LONDON (ICIS)--Shell aims to invest more than $20bn (€16bn) between 2012 and 2015 in its gas-to-liquids (GTL), liquefied natural gas (LNG) and related gas businesses, the CEO of the international energy and chemicals major said on Wednesday.
The investment comes as Shell trebled earnings from that business in the past five years, Peter Voser said in an investor presentation.
“Strong growth in gas markets, especially Integrated Gas, is a major opportunity for Shell and our shareholders,” Voser said.

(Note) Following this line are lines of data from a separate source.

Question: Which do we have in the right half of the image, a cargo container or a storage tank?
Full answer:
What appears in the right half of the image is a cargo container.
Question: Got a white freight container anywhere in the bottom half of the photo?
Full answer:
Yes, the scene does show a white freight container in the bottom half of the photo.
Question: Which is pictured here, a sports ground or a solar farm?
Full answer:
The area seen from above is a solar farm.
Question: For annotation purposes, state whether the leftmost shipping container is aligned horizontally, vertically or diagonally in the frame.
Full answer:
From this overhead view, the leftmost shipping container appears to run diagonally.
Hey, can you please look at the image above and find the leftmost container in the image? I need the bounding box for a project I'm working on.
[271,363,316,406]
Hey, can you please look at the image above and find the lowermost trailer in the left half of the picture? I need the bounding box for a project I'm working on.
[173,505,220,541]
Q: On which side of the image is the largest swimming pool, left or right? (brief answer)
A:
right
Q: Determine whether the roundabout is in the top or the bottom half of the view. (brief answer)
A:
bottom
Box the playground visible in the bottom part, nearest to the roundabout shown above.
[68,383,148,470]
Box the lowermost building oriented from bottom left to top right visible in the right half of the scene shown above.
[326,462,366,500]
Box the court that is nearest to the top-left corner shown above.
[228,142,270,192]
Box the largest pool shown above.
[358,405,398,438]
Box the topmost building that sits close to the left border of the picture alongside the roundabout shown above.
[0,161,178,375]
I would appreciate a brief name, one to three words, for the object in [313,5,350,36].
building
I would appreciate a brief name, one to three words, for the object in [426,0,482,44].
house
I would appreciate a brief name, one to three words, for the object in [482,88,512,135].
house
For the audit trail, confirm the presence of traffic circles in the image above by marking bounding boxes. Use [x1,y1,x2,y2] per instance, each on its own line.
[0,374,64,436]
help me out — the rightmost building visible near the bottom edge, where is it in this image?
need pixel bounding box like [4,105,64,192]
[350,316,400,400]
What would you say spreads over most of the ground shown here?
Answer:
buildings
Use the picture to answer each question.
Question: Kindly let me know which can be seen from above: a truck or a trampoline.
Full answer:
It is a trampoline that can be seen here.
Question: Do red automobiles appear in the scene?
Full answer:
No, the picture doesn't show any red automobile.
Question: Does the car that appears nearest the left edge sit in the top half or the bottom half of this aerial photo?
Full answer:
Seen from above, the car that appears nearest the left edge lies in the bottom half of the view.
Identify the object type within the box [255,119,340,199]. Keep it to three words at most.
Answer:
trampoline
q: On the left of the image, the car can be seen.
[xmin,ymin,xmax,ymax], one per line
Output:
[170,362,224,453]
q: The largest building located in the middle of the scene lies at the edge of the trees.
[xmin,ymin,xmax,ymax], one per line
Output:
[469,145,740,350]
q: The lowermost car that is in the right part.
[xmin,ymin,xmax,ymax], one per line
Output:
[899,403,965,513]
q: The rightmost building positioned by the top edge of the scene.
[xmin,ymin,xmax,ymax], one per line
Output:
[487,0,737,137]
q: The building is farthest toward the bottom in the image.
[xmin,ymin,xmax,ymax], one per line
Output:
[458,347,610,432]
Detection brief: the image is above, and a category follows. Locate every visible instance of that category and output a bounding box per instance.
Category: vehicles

“Our Integrated Gas earnings have more than trebled in the last five years, reaching $9bn over the last year, driven by LNG and GTL, and we see growth opportunities to invest over $20bn here for 2012-15,” he said.
Shell expects global natural gas demand to increase by 60% from 2010 to 2030, reaching 25% of the global primary energy mix, and within that, strong growth in LNG.
LNG demand has doubled to 200m tonnes/year in the first decade of this century. Shell expects LNG demand to double again to 400m tonnes/year by 2020, and potentially reach 500m tonnes/year by 2025, Voser said.
Meeting this demand growth will require substantial industry investment – potentially more than $700bn – and continued innovation and interdependency between supplier and customer countries, he said.
Shell, which sees itself as “the industry leader” in LNG and in GTL, is developing innovative new integrated applications, such as gas-to-chemicals, converting ethane into commercial petrochemicals, and LNG for transport, Voser said.